╔══

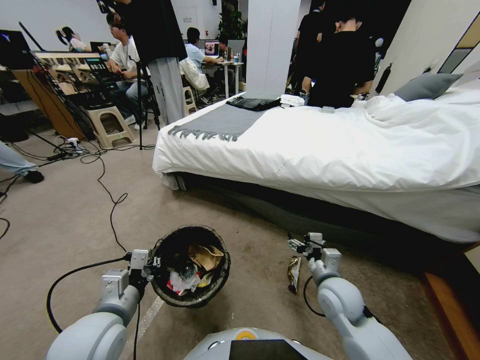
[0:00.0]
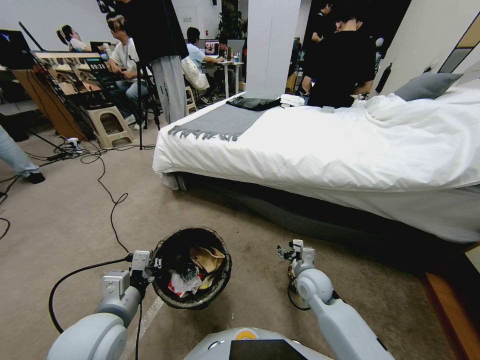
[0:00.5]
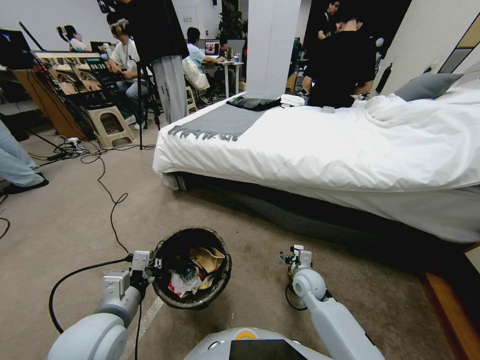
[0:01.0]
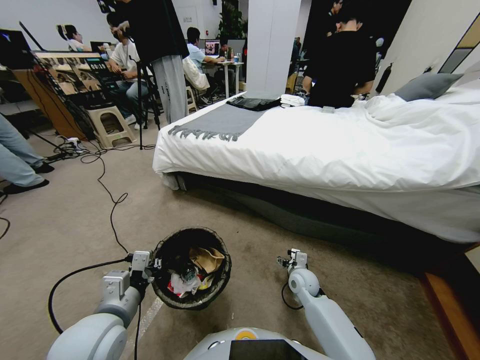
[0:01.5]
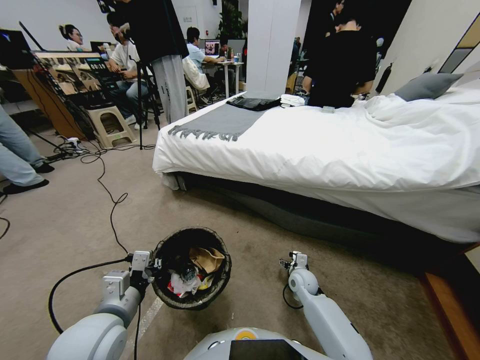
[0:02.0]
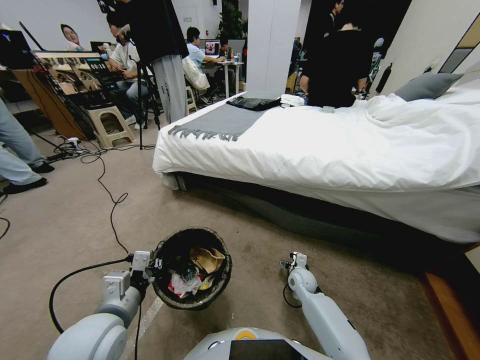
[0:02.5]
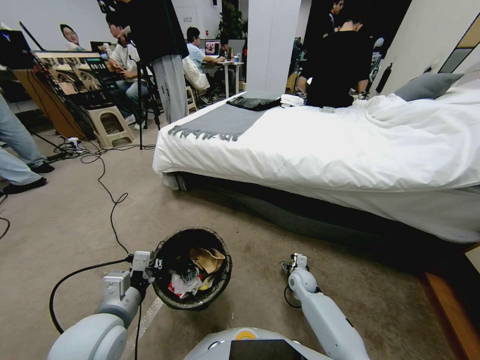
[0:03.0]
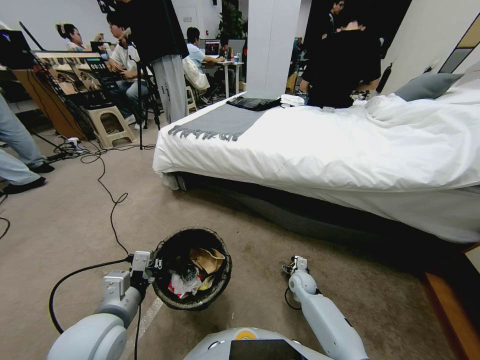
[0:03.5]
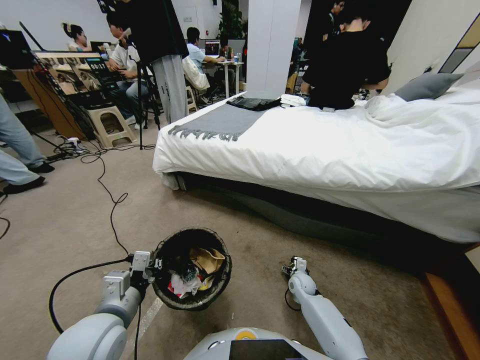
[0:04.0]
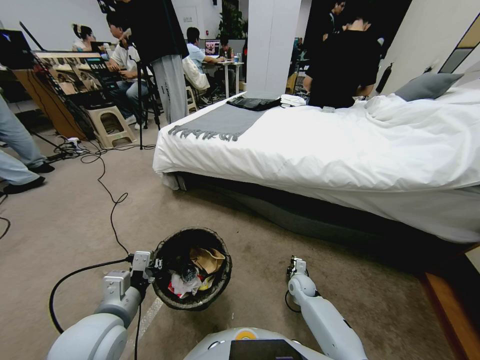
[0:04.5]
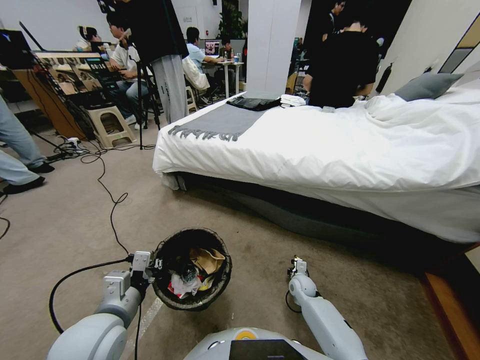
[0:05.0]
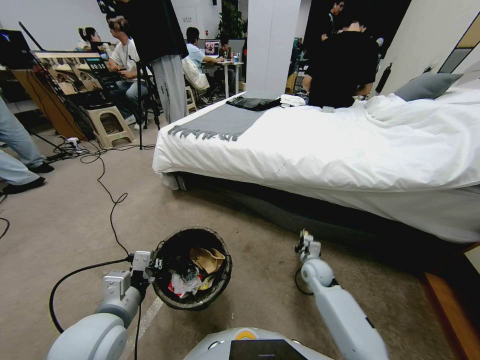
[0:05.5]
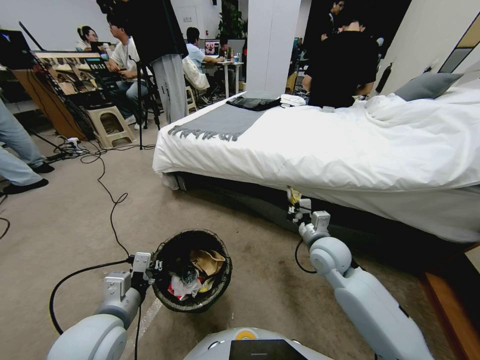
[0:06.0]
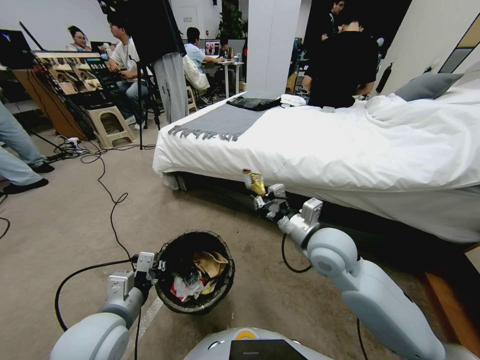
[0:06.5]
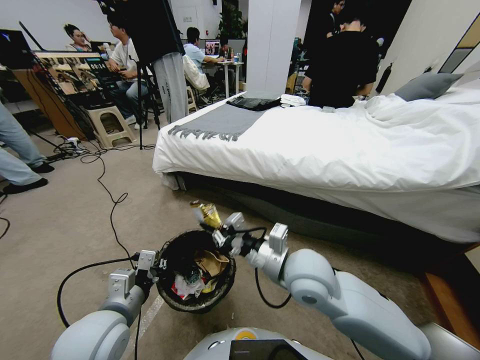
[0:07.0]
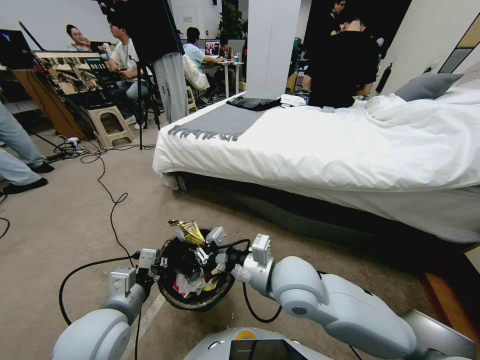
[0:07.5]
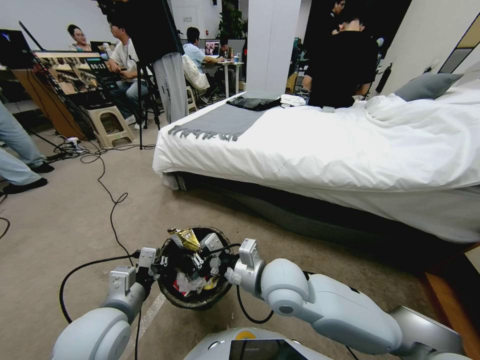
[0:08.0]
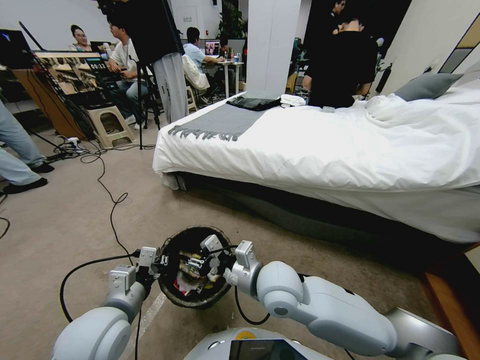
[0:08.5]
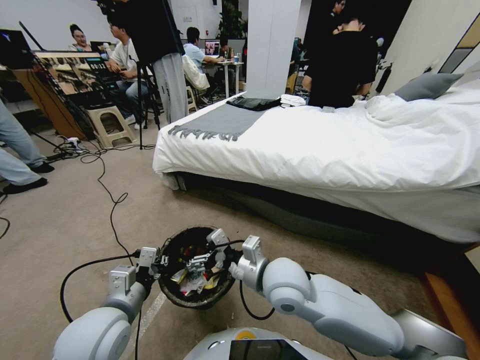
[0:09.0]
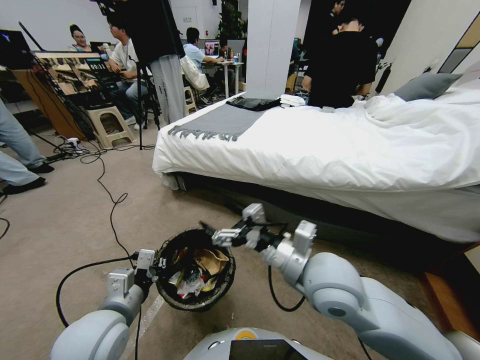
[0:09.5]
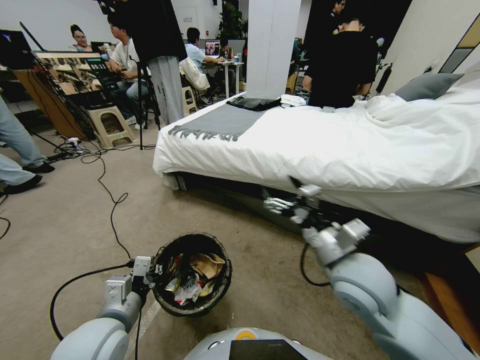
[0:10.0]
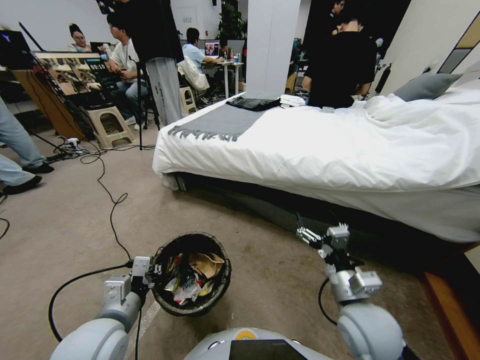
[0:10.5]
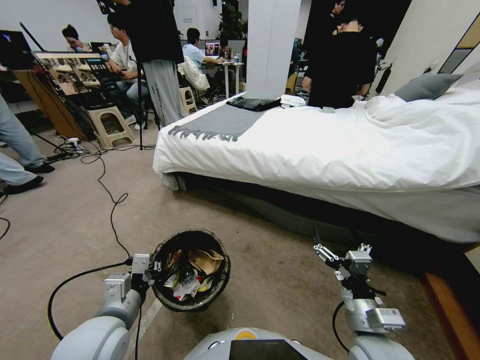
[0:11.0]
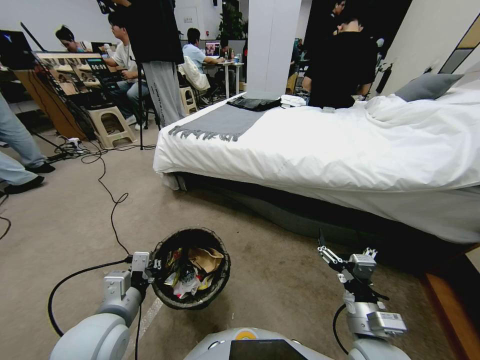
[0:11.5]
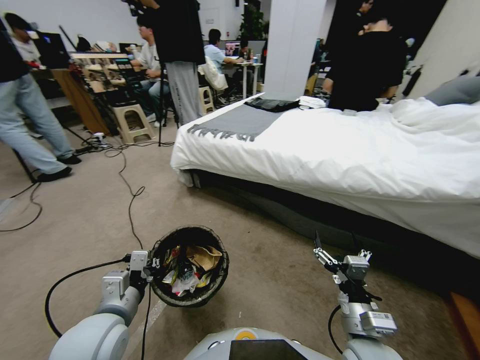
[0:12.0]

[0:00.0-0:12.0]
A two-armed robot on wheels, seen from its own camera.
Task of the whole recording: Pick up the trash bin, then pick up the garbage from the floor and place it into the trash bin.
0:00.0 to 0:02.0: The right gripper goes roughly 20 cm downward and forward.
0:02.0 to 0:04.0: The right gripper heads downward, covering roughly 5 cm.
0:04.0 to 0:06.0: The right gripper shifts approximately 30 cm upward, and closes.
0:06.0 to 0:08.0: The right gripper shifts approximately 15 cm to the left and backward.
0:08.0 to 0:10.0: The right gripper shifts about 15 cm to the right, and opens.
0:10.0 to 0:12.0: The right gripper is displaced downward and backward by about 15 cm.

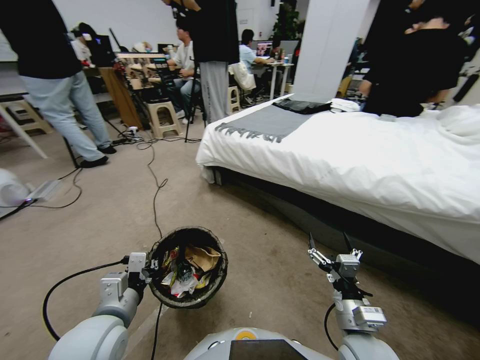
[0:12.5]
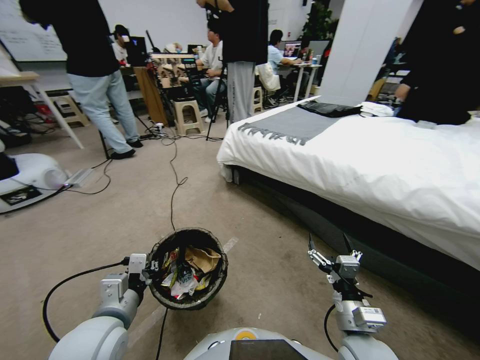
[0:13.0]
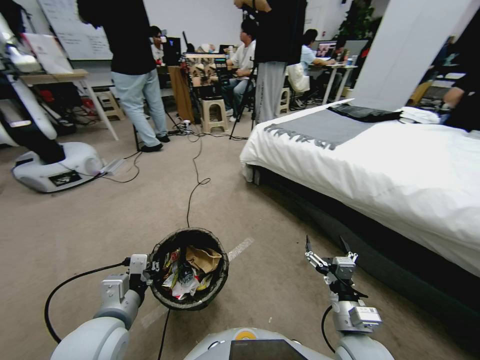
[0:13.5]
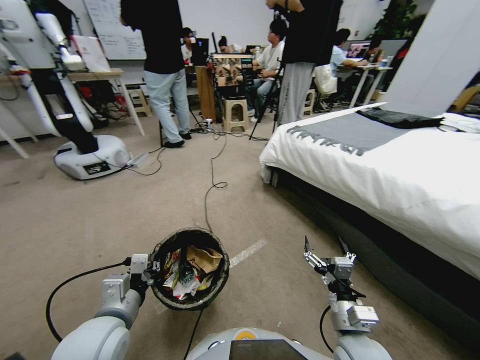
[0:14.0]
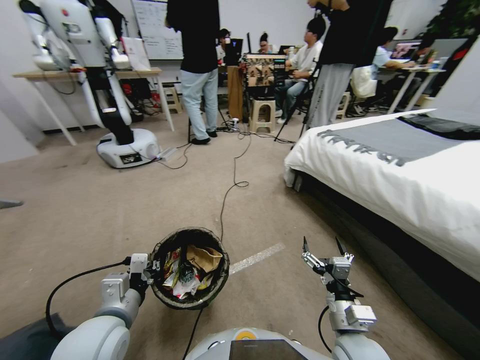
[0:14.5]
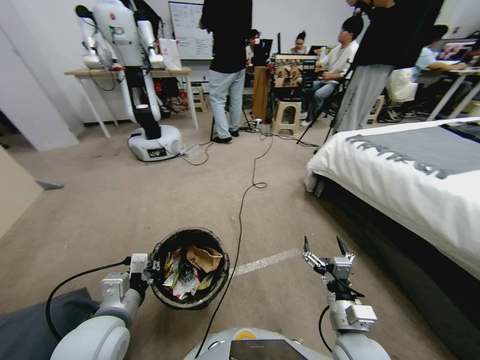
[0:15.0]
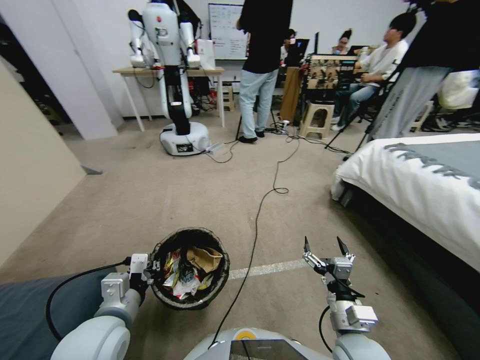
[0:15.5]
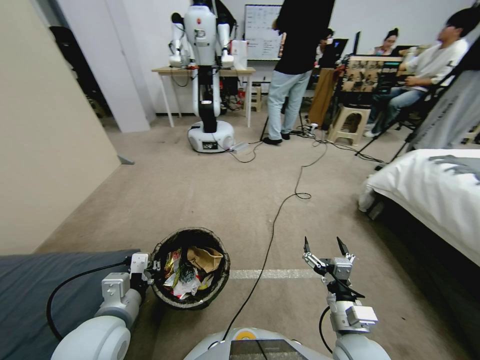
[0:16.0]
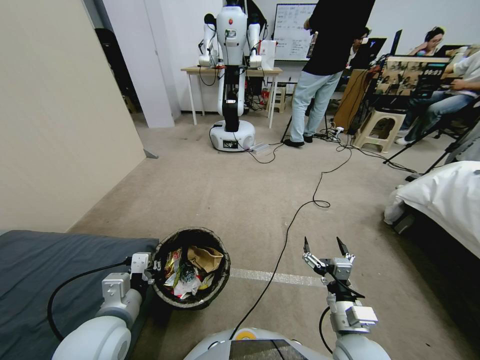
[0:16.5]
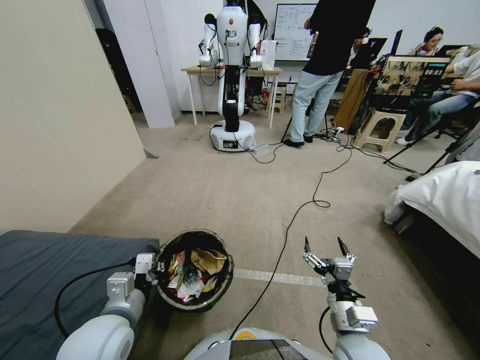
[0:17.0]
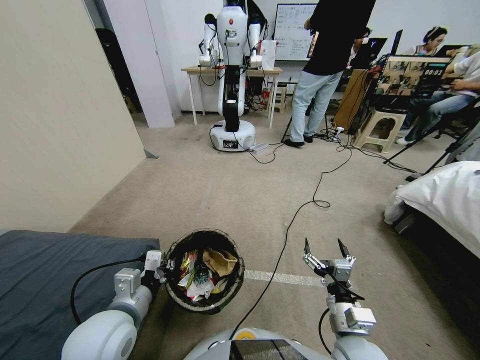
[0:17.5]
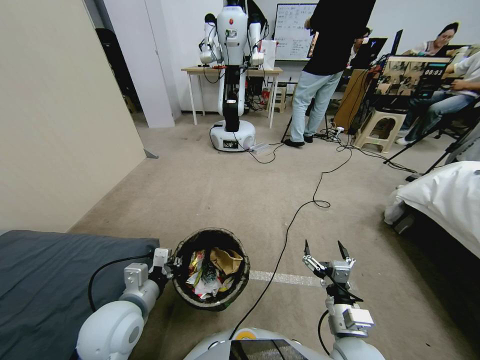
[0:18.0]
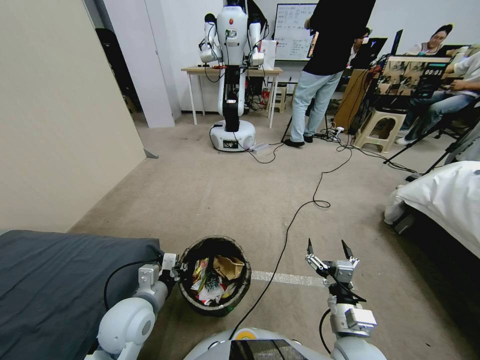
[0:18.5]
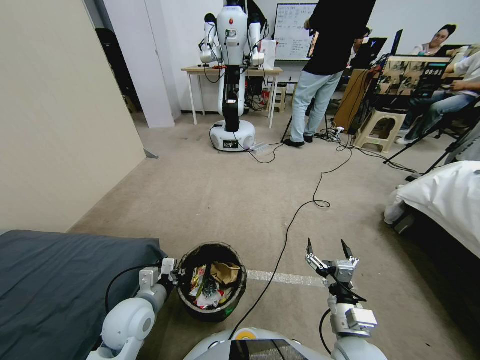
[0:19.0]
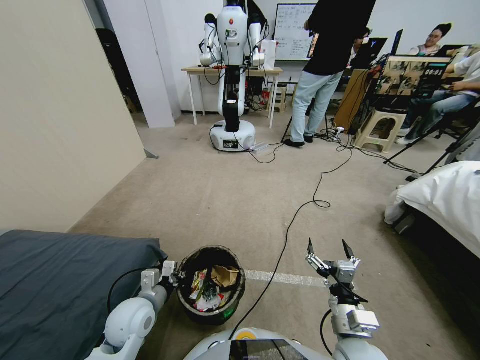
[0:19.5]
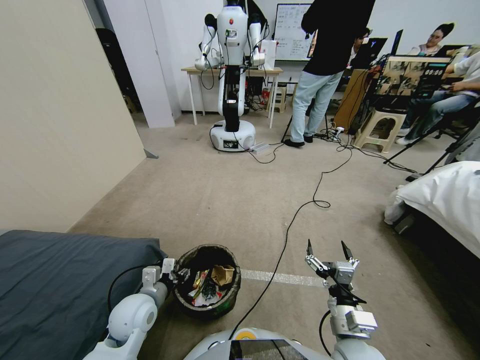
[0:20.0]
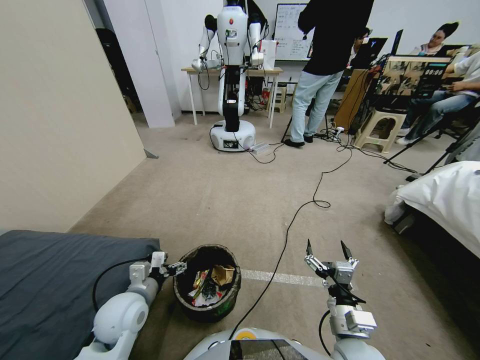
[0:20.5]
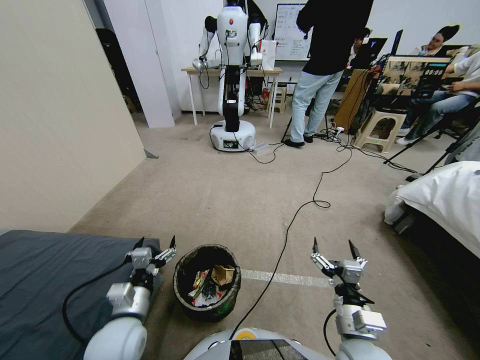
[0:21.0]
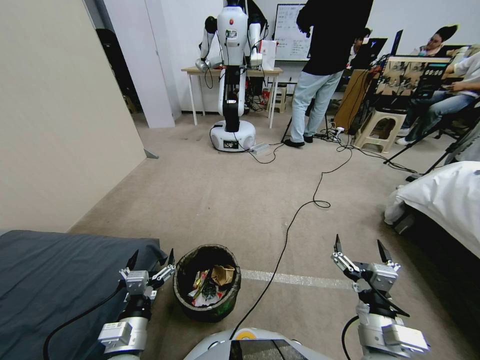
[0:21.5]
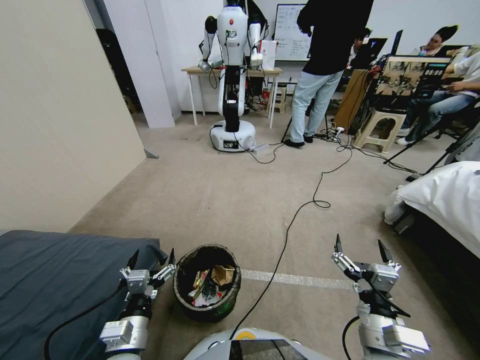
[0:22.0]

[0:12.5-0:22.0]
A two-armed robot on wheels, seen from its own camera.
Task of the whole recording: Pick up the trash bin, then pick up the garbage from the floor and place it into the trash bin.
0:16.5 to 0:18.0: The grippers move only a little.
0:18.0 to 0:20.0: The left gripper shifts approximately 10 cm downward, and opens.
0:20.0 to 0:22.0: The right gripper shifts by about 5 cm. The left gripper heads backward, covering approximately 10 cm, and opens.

╚══

* WHAT TO DO
What you return must match the records exactly, apart from the images, which are omitted.

* SOLVED EXERCISE
[0:00.0]
[0:00.5]
[0:01.0]
[0:01.5]
[0:02.0]
[0:02.5]
[0:03.0]
[0:03.5]
[0:04.0]
[0:04.5]
[0:05.0]
[0:05.5]
[0:06.0]
[0:06.5]
[0:07.0]
[0:07.5]
[0:08.0]
[0:08.5]
[0:09.0]
[0:09.5]
[0:10.0]
[0:10.5]
[0:11.0]
[0:11.5]
[0:12.0]

[0:00.0-0:12.0]
A two-armed robot on wheels, seen from its own camera.
Task of the whole recording: Pick up the trash bin, then pick up the garbage from the floor and place it into the trash bin.
0:00.0 to 0:02.0: The right gripper goes roughly 20 cm downward and forward.
0:02.0 to 0:04.0: The right gripper heads downward, covering roughly 5 cm.
0:04.0 to 0:06.0: The right gripper shifts approximately 30 cm upward, and closes.
0:06.0 to 0:08.0: The right gripper shifts approximately 15 cm to the left and backward.
0:08.0 to 0:10.0: The right gripper shifts about 15 cm to the right, and opens.
0:10.0 to 0:12.0: The right gripper is displaced downward and backward by about 15 cm.

[0:12.5]
[0:13.0]
[0:13.5]
[0:14.0]
[0:14.5]
[0:15.0]
[0:15.5]
[0:16.0]
[0:16.5]
[0:17.0]
[0:17.5]
[0:18.0]
[0:18.5]
[0:19.0]
[0:19.5]
[0:20.0]
[0:20.5]
[0:21.0]
[0:21.5]
[0:22.0]

[0:12.5-0:22.0]
A two-armed robot on wheels, seen from its own camera.
Task of the whole recording: Pick up the trash bin, then pick up the garbage from the floor and place it into the trash bin.
0:16.5 to 0:18.0: The grippers move only a little.
0:18.0 to 0:20.0: The left gripper shifts approximately 10 cm downward, and opens.
0:20.0 to 0:22.0: The right gripper shifts by about 5 cm. The left gripper heads backward, covering approximately 10 cm, and opens.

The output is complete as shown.